═══ The records ═══

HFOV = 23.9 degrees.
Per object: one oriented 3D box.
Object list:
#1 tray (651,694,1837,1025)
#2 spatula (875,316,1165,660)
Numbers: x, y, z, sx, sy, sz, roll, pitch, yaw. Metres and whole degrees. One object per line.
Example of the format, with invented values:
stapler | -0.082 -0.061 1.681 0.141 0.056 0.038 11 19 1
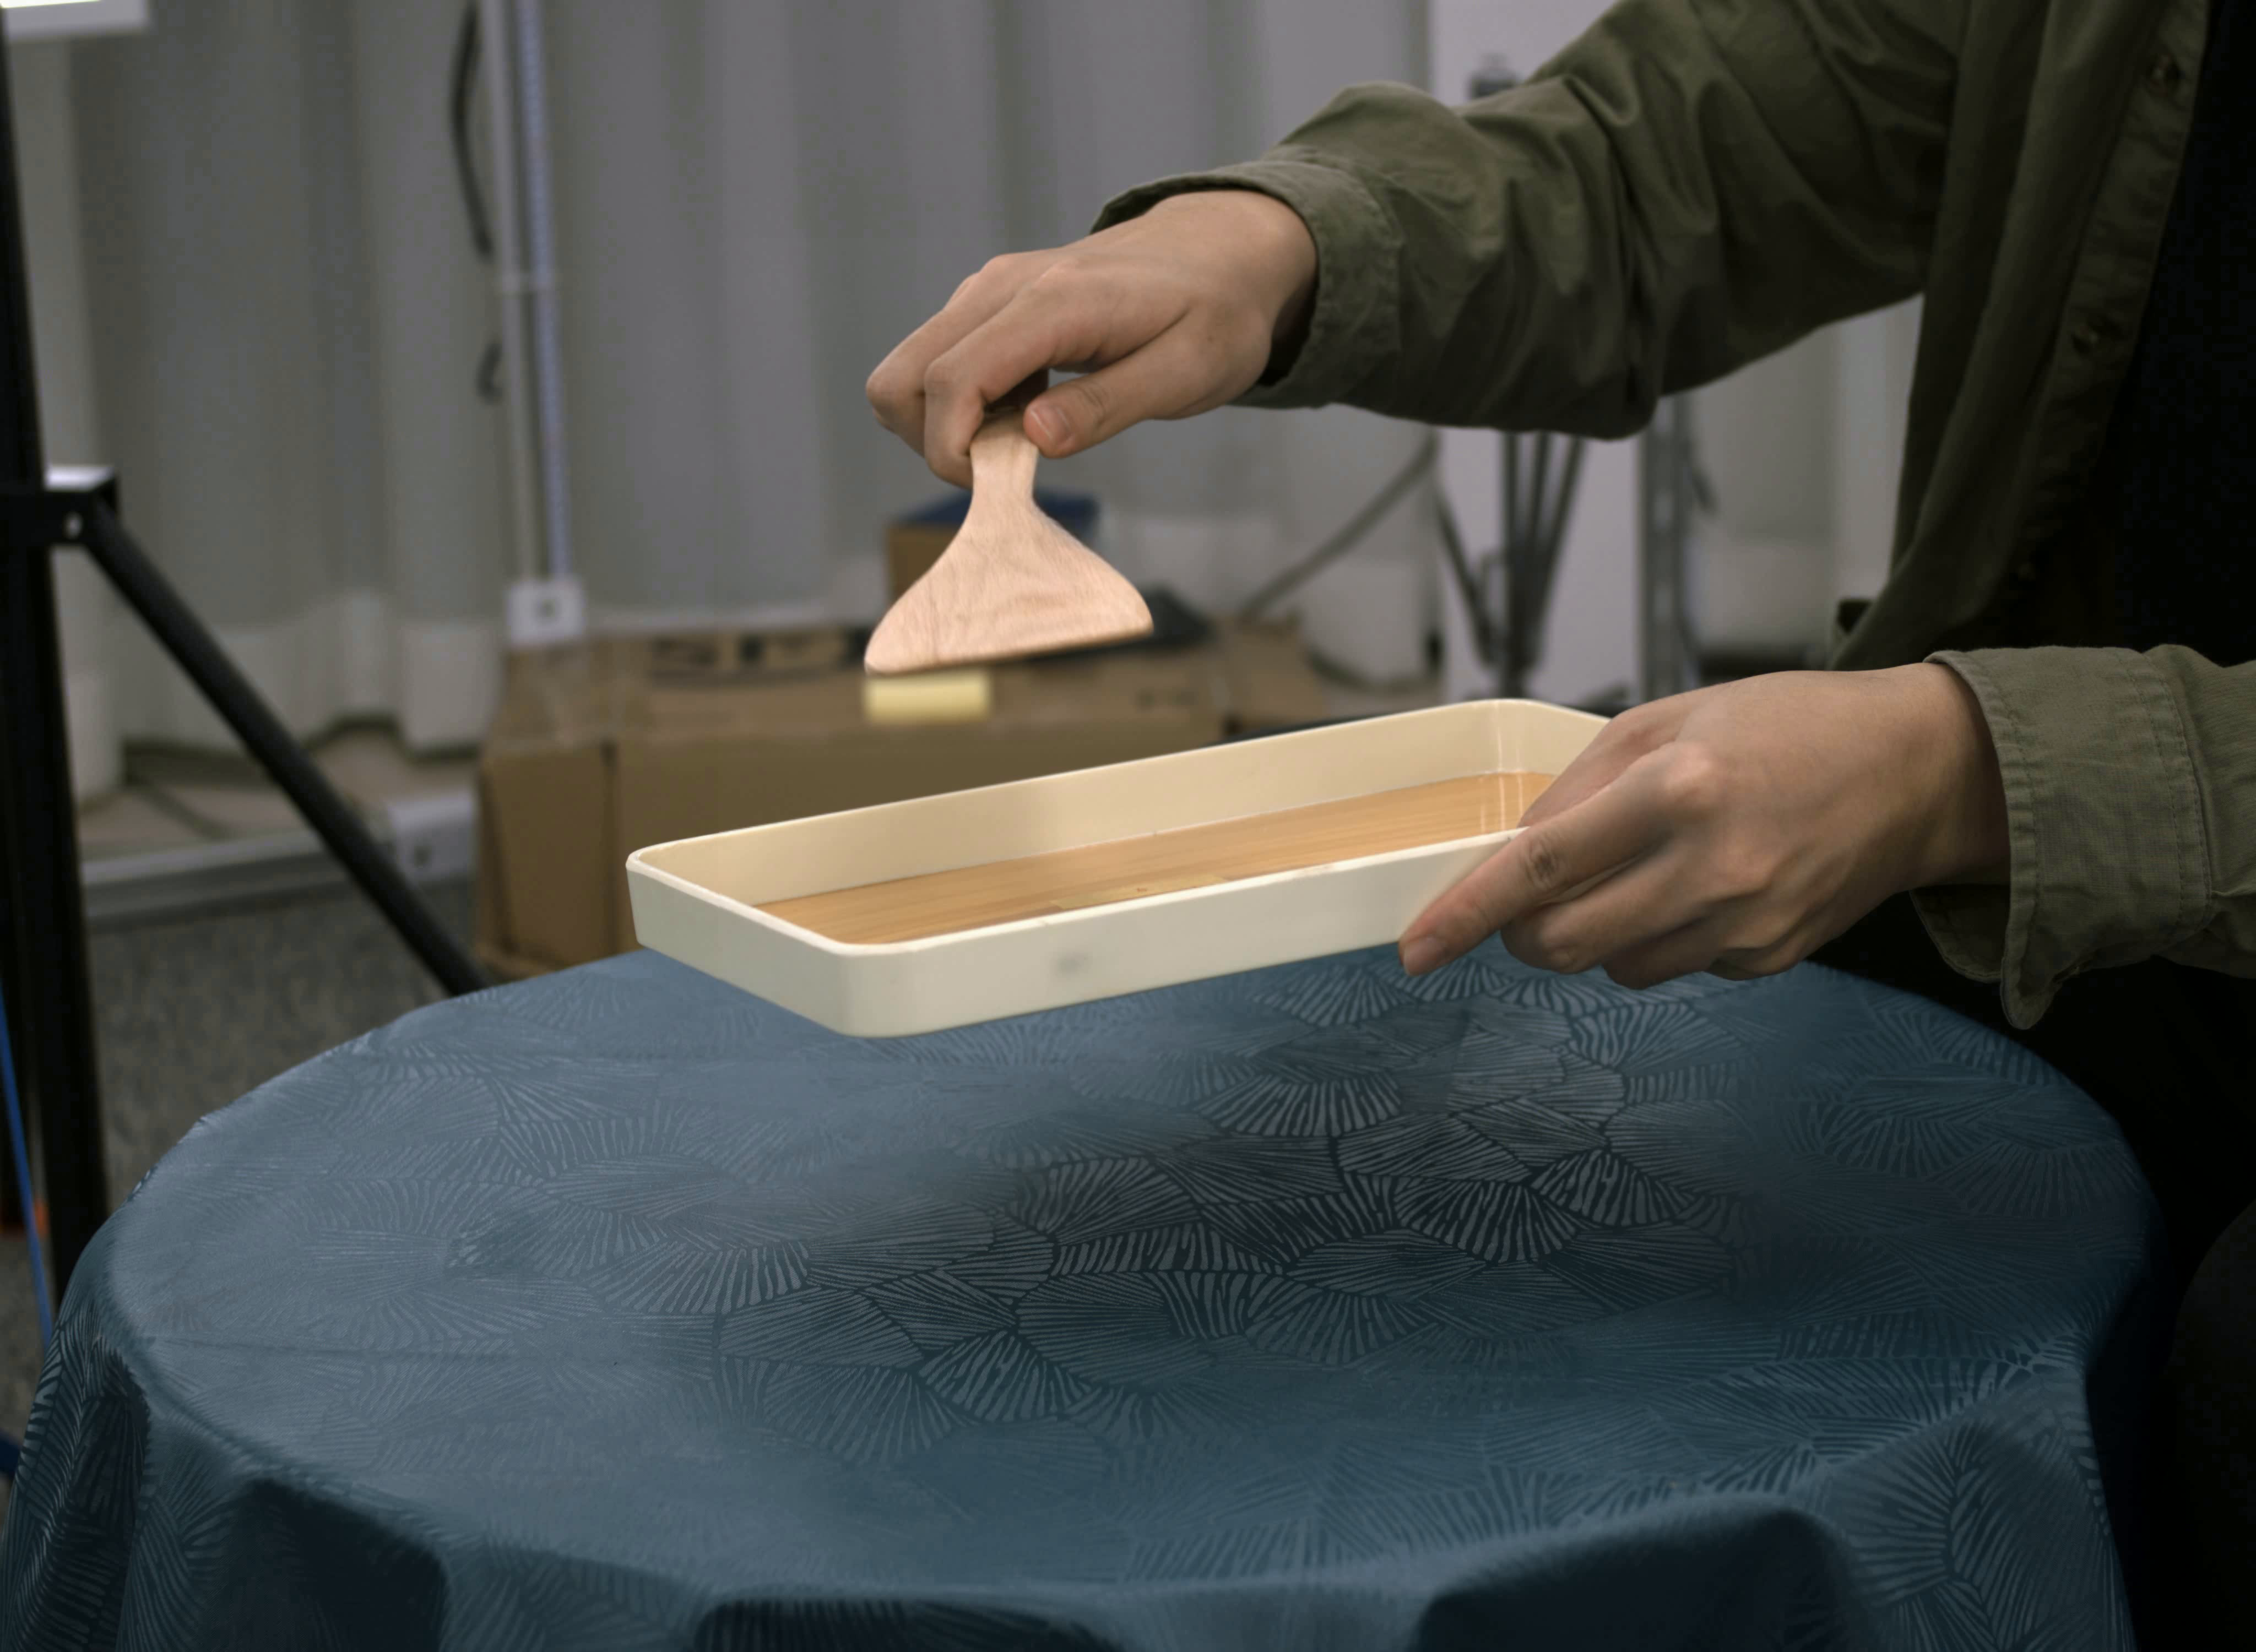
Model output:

═══

_Task details_
For this exercise, the lines from the one containing "Per object: one oriented 3D box." through the last line of the entries above are to be output exactly, both included, and pictures are skipped.

_Task solution_
Per object: one oriented 3D box.
Object list:
#1 tray (651,694,1837,1025)
#2 spatula (875,316,1165,660)
Numbers: x, y, z, sx, sy, sz, roll, pitch, yaw. Metres and whole degrees. One object per line.
Example of the format, with invented values:
stapler | -0.082 -0.061 1.681 0.141 0.056 0.038 11 19 1
Model output:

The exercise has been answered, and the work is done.